Lars Eidinger is astonishingly good as maestro Tom, who is trying to keep his career on track as his family life crumbles around him. He is matched by Lilith Stangenberg, mesmerising as his unhinged sister Ellen. Robert Gwisdek is equally exceptional as the highly strung composer and friend Bernard, while Corinna Harfouch anchors the film’s first section as Tom’s far from maternal mother, Lissy.

At one point, Ingmar Bergman’s 1982 period film Fanny and Alexander is playing on the TV (Tom watches it every Christmas). Even though Dying feels like a contemporary film committed to interrogating the difficulties of being in the modern world, there’s something of late Bergman here as it unfolds across its epic length.

It is a three-hour film about middle-class life, but like a great 19th-century novel, it never feels long. The fact that nothing particularly extraordinary happens is testament to how well-made the film is.

3. Kill

Director Nikhil Nagesh Bhat’s Indian action film Kill is cheesy, sentimental and at first seems remarkably silly.

Commando Amrit, played by beefy TV star Lakshya, is travelling to New Delhi by train with his buddy, fellow commando Viresh (Abhishek Chauhan). His true love Tulika (Tanya Maniktala) is also on board and has recently become engaged to another man through an arrangement by her wealthy father, Baldev Singh Thakur (Harsh Chhaya), who happens to own the train company. When a group of 30-plus bandits led by the charming but ice-cold Fani (Raghav Juyal) move to rob the train, Amrit must defend Tulika, her family and the rest of the passengers.

When the title card appears 40 minutes into the film, suddenly emblazoned on the screen, it seems like a distracting quirk at first. But it begins to make sense as the train rolls on. All of the violence and bone-crushing action of the first section is mere preamble, leading to a point of transition from an extremely violent but fun action film, to a much darker – and bloodier – revenge film.
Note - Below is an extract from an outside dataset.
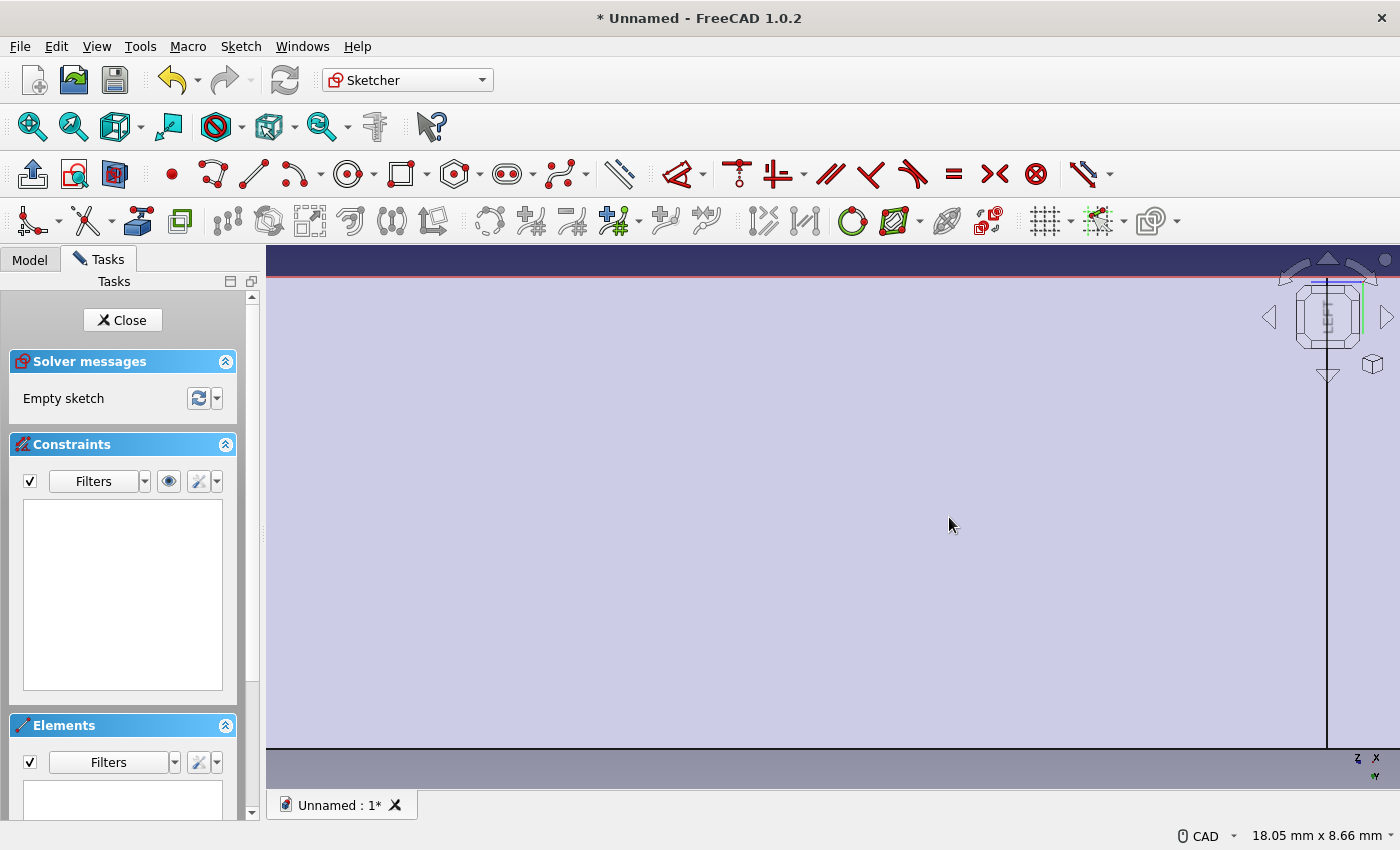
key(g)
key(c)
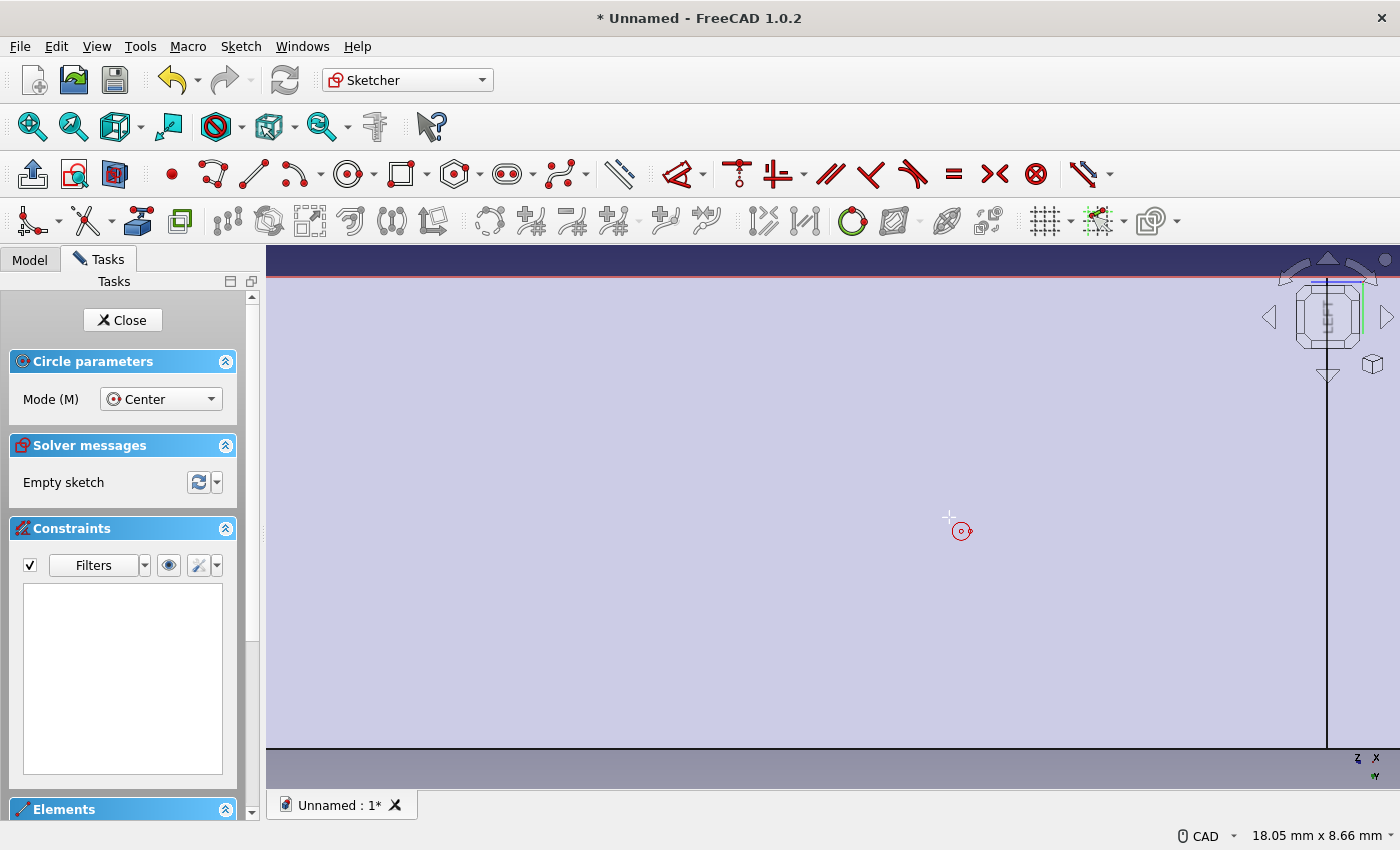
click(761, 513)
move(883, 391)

Kill is an exceptionally well-wrought genre film. The kinetic and balletic action recalls the golden era of Hong Kong action cinema, but with hammers, daggers and sickles instead of guns and the frenetic staging of hand-to-hand combat instead of poetic slow-motion footage. It is also a great example of a film being more than the sum of its parts. No element is perfect, yet they come together to transcend these limitations, its flow reaching sublime levels by the end.

There’s also an undercurrent of sadness throughout. We see an India of haves and have-nots, of families of bandits struggling to survive and of the supreme violence sustaining the social and political order. As Fani says to Amrit near the end: “Who kills like this? I killed four of your people. You finished off 40 of my family. You’re not a protector. You’re a monster. A fucking monster.” The title says it all.

4. Super/Man: The Christopher Reeve Story

Biographical films about celebrities inevitably feel gossipy. Ian Bonhôte and Peter Ettedgui’s Super/Man: The Christopher Reeve Story is no exception. But it is so well made (and well-resourced, one would imagine, as it’s produced by DC) that it moves beyond its tabloid-like qualities.

Interviews with Reeve’s friends and colleagues, including Susan Sarandon, Glenn Close and Jeff Daniels, are interspersed with home footage shot by Reeve and his family throughout his career and during his recovery from the near-fatal riding accident that left him paralysed and breathing through a respirator for the rest of his life.

Reeve’s close friendship with “brother” Robin Williams assumes central importance, with the film implying the two men were so emotionally dependent on each other that Williams would probably still be alive if Reeve hadn’t died in 2004.

But the most interesting parts of the film involve carefully assembled archival footage looking at how Reeve’s decision to play Superman negatively impacted his career and personal life. He never starred in another profitable film, and his father and colleagues such as William Hurt loathed his decision to play a comic book character.

This is counterpointed with his post-accident career as a director and disability advocate. Interviews with Reeve’s children add a genuinely tragic sense of pathos to this slick, well-made and emotionally exhausting “true Hollywood” story. It’s everything one could want from such a documentary.

5. Kneecap

Cowriter-director Rich Peppiatt’s Kneecap is a riotous, irreverent biopic following the career of Belfast drug-dealers Móglaí Bap and Mo Chara as they team up with high school music teacher DJ Próvai to become the first Irish-language rap group, Kneecap.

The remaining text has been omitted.